# Material for this task:
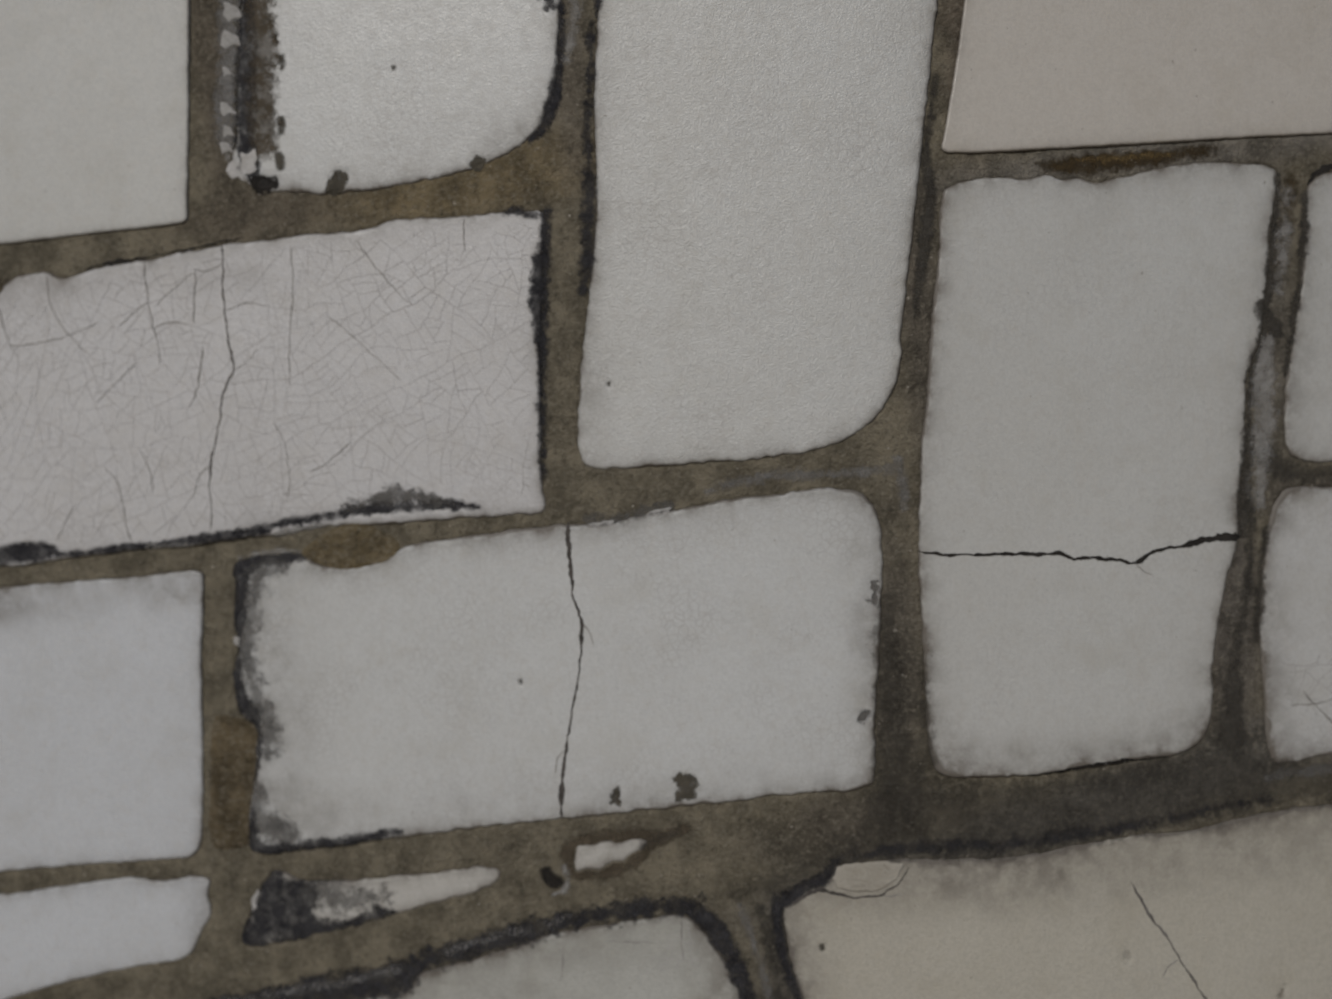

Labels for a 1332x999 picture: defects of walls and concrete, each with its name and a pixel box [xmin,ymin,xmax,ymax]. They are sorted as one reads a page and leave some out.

spalling [212,0,286,195]
corrosion [1041,144,1218,176]
crack [0,222,532,543]
spalling [0,484,480,565]
crack [918,532,1241,575]
spalling [233,552,403,855]
crack [555,522,594,818]
spalling [242,871,396,947]
crack [1131,882,1207,999]

# What you have to do:
The whole listing above is to be printed again exactly; pictures stay out of it.

# Output of the exercise:
Labels for a 1332x999 picture: defects of walls and concrete, each with its name and a pixel box [xmin,ymin,xmax,ymax]. They are sorted as one reads a page and leave some out.

spalling [212,0,286,195]
corrosion [1041,144,1218,176]
crack [0,222,532,543]
spalling [0,484,480,565]
crack [918,532,1241,575]
spalling [233,552,403,855]
crack [555,522,594,818]
spalling [242,871,396,947]
crack [1131,882,1207,999]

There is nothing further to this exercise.